## Work task:
Return every line of the entries that includes the word "Input".
====== Supplied data
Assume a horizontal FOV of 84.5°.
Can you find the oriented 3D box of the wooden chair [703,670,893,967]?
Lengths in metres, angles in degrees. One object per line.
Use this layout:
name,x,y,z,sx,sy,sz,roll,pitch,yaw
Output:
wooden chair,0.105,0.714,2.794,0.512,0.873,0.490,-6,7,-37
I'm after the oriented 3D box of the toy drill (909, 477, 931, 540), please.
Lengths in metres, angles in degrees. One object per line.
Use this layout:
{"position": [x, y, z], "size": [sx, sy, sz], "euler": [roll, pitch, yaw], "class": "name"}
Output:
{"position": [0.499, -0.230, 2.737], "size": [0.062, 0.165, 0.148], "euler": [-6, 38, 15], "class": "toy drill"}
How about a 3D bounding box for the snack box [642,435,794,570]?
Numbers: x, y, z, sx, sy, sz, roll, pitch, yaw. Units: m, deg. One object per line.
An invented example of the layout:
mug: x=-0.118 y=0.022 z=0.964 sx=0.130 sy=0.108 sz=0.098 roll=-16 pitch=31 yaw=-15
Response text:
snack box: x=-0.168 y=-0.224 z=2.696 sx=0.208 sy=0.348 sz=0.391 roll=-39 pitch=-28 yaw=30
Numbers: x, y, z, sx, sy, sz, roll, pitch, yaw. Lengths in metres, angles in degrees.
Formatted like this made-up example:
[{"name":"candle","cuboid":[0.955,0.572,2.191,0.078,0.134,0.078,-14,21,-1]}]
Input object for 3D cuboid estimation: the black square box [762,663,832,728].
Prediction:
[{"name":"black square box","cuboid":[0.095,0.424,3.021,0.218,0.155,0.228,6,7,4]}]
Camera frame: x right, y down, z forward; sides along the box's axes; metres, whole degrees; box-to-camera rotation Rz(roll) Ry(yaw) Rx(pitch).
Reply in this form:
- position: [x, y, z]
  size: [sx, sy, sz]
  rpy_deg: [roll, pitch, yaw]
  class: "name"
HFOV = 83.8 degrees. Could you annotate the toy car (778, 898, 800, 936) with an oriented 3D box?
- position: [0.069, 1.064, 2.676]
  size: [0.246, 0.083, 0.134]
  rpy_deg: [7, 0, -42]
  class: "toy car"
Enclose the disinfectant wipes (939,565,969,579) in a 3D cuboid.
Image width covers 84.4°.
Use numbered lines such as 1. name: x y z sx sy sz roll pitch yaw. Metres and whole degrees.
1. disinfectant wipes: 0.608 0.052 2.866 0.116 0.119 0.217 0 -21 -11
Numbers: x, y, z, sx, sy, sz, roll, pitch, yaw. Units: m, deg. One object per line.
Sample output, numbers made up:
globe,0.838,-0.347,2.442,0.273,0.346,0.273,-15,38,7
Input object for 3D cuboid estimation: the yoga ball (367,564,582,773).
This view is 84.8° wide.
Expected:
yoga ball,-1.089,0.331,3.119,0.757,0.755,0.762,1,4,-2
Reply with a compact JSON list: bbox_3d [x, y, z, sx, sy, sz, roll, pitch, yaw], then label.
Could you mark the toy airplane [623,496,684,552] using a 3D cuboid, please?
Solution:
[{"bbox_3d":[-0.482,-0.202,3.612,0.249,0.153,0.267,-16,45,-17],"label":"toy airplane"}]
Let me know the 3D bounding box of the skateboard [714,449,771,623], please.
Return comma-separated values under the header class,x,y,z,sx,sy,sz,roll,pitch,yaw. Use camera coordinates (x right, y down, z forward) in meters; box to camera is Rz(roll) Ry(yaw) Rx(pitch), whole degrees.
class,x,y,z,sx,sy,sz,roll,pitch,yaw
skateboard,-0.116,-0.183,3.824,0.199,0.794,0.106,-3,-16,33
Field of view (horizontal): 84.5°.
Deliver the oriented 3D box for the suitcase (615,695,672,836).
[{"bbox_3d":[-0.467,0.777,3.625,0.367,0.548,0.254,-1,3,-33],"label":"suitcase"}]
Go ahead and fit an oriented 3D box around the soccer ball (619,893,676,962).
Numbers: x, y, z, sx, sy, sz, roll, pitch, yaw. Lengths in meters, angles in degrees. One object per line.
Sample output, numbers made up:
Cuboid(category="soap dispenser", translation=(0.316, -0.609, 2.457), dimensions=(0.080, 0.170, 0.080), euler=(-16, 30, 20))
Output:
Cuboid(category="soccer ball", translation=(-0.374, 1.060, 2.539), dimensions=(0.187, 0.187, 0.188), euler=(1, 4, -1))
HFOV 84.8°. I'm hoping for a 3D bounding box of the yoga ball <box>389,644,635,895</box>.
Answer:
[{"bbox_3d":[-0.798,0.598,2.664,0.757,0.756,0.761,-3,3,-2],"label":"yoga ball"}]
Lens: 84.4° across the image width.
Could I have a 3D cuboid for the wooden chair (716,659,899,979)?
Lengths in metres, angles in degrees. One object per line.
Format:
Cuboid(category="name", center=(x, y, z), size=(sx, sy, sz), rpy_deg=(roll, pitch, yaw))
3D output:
============
## Response area:
Input object for 3D cuboid estimation: the black square box [762,663,832,728].
Input object for 3D cuboid estimation: the yoga ball (367,564,582,773).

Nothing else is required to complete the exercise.